++++ EXTRACTED RECORDS

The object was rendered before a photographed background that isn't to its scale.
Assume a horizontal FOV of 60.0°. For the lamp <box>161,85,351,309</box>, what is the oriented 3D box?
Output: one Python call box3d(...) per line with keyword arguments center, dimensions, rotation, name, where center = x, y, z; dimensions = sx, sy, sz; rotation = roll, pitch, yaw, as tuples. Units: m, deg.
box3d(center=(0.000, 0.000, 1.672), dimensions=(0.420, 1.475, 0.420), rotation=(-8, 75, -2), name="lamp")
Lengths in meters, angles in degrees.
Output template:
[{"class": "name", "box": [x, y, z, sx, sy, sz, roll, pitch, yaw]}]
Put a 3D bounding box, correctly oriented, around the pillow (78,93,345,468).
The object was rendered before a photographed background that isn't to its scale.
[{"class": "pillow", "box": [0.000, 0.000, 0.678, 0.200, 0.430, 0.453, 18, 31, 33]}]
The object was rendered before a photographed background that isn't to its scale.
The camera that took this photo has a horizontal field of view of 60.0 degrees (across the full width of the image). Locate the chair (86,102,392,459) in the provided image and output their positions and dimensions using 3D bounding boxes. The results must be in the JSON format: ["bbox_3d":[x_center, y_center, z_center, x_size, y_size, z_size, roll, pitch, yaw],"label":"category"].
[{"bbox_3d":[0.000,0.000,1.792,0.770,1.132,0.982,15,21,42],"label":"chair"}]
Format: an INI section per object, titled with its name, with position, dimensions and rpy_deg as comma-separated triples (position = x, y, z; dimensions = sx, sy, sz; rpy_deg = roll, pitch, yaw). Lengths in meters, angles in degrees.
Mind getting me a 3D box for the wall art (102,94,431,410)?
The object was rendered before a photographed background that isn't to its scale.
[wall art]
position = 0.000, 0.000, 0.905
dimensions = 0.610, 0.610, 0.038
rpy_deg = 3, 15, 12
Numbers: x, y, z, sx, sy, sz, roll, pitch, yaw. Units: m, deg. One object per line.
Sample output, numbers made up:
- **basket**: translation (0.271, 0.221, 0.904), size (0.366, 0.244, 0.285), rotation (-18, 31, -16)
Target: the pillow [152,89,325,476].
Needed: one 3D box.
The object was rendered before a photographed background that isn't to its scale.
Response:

++++++++

* [WHAT NEEDS TO BE DONE]: When you reach the end of the data above, set it all down again unchanged.

* [TASK OUTPUT]:
The object was rendered before a photographed background that isn't to its scale.
Assume a horizontal FOV of 60.0°. For the lamp <box>161,85,351,309</box>, what is the oriented 3D box?
Output: one Python call box3d(...) per line with keyword arguments center, dimensions, rotation, name, where center = x, y, z; dimensions = sx, sy, sz; rotation = roll, pitch, yaw, as tuples. Units: m, deg.
box3d(center=(0.000, 0.000, 1.672), dimensions=(0.420, 1.475, 0.420), rotation=(-8, 75, -2), name="lamp")
Lengths in meters, angles in degrees.
Output template:
[{"class": "name", "box": [x, y, z, sx, sy, sz, roll, pitch, yaw]}]
Put a 3D bounding box, correctly oriented, around the pillow (78,93,345,468).
The object was rendered before a photographed background that isn't to its scale.
[{"class": "pillow", "box": [0.000, 0.000, 0.678, 0.200, 0.430, 0.453, 18, 31, 33]}]
The object was rendered before a photographed background that isn't to its scale.
The camera that took this photo has a horizontal field of view of 60.0 degrees (across the full width of the image). Locate the chair (86,102,392,459) in the provided image and output their positions and dimensions using 3D bounding boxes. The results must be in the JSON format: ["bbox_3d":[x_center, y_center, z_center, x_size, y_size, z_size, roll, pitch, yaw],"label":"category"].
[{"bbox_3d":[0.000,0.000,1.792,0.770,1.132,0.982,15,21,42],"label":"chair"}]
Format: an INI section per object, titled with its name, with position, dimensions and rpy_deg as comma-separated triples (position = x, y, z; dimensions = sx, sy, sz; rpy_deg = roll, pitch, yaw). Lengths in meters, angles in degrees.
Mind getting me a 3D box for the wall art (102,94,431,410)?
The object was rendered before a photographed background that isn't to its scale.
[wall art]
position = 0.000, 0.000, 0.905
dimensions = 0.610, 0.610, 0.038
rpy_deg = 3, 15, 12
Numbers: x, y, z, sx, sy, sz, roll, pitch, yaw. Units: m, deg. One object per line.
Sample output, numbers made up:
- **basket**: translation (0.271, 0.221, 0.904), size (0.366, 0.244, 0.285), rotation (-18, 31, -16)
Target: the pillow [152,89,325,476].
Needed: one 3D box.
The object was rendered before a photographed background that isn't to its scale.
Response:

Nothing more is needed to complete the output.